■ **WORK INSTRUCTION**:
Whenever a line below holds the word "nextInt", copy that line.
--
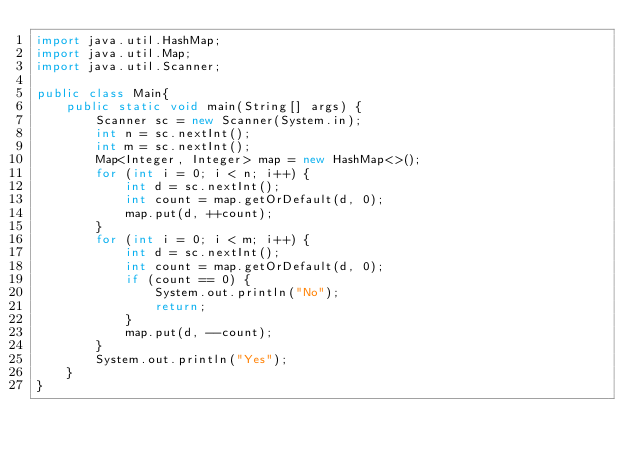<code> <loc_0><loc_0><loc_500><loc_500><_Java_>import java.util.HashMap;
import java.util.Map;
import java.util.Scanner;

public class Main{
    public static void main(String[] args) {
        Scanner sc = new Scanner(System.in);
        int n = sc.nextInt();
        int m = sc.nextInt();
        Map<Integer, Integer> map = new HashMap<>();
        for (int i = 0; i < n; i++) {
            int d = sc.nextInt();
            int count = map.getOrDefault(d, 0);
            map.put(d, ++count);
        }
        for (int i = 0; i < m; i++) {
            int d = sc.nextInt();
            int count = map.getOrDefault(d, 0);
            if (count == 0) {
                System.out.println("No");
                return;
            }
            map.put(d, --count);
        }
        System.out.println("Yes");
    }
}
</code>
--
■ **WRITTEN RESPONSE**:
        int n = sc.nextInt();
        int m = sc.nextInt();
            int d = sc.nextInt();
            int d = sc.nextInt();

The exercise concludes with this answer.